Basically NACT can be carried out when the indication for chemotherapy exists even before an operation [1], [2], [7]. Apart from improving the chances for a breast-preserving operation, it opens up further options. In contrast to adjuvant chemotherapy, it allows direct in vivo chemosensitivity testing and thus an evaluation of the response of the tumour and axillary lymph nodes to the systemic therapy in real time. In addition, it enables an individualisation of the therapy on the basis of response controls, on the one hand, by changing the chemotherapy and, on the other hand, by a risk-adapted post-neoadjuvant management [1]. Finally the response of the patient to a neoadjuvant therapy can provide additional prognostic information [1], [8].

The most important parameter for evaluating the success of a therapy is the pathological complete remission (pCR) [9]. This endpoint can directly reflect the effect of a neoadjuvant treatment. It is important to consider how the respective pCR is defined. The most frequently used definitions are ypT0 ypN0 (no residual invasive and in situ tumour remains in the breast and axilla), ypT0/is ypN0 (no residual invasive tumour remains in the breast and axilla, independent of an in situ component also known as tpCR) and ypT0/is (no residual invasive tumour remains in the breast, independent of axillary lymph node attack or an in situ carcinoma).
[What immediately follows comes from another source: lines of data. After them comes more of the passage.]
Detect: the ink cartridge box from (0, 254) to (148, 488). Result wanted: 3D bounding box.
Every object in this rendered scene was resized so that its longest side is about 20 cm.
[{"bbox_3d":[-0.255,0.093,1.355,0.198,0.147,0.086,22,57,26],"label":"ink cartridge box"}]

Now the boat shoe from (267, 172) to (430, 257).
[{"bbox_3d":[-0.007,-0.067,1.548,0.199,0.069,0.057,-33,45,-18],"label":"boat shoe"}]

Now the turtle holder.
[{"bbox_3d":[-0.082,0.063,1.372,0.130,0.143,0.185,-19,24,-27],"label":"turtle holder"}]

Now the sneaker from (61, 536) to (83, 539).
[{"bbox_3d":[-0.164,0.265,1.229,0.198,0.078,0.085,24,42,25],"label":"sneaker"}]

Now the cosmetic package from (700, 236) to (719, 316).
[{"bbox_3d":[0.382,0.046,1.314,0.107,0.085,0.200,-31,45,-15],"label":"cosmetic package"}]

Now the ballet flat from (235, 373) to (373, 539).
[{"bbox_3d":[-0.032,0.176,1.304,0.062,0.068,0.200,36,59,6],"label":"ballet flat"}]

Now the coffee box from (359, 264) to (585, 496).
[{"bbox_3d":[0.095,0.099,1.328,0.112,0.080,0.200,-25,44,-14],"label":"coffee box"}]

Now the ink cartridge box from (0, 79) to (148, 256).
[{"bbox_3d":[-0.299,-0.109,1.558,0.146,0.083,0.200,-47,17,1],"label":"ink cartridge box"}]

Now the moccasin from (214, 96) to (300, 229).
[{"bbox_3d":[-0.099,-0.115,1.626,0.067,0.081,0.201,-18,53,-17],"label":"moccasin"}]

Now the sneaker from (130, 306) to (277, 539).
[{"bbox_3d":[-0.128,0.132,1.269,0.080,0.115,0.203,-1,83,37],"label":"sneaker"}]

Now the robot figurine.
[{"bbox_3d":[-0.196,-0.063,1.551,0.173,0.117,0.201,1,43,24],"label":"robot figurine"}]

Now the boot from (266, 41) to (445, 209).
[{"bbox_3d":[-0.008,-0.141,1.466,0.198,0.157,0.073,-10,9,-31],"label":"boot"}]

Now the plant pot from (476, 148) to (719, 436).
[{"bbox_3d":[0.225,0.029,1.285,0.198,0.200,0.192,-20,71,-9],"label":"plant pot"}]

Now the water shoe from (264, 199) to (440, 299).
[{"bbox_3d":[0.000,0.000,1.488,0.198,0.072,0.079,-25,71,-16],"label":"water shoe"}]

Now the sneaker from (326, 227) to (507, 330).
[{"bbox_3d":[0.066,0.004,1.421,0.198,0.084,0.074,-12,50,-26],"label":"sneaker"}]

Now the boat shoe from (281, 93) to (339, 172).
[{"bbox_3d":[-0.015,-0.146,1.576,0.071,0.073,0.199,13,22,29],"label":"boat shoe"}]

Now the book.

In various trials and meta-analyses a relationship at the patient level between the achievement of pCR and a longer overall survival has been demonstrated [4], [10], [11]. Also in a large meta-analysis of 12 trials initiated by the US drug registration authority FDA with a total of 11 955 patients, an association between achievement of pCR and an improved, event-free survival was observed. Here, the prognostic significance was highest for triple negative breast cancers and HER2-positive, HR-negative tumours treated with trastuzumab. A formal validation of pCR as a surrogate marker for an improved, event-free survival and overall survival was not possible at the trial level in this very heterogeneous patient collective [12].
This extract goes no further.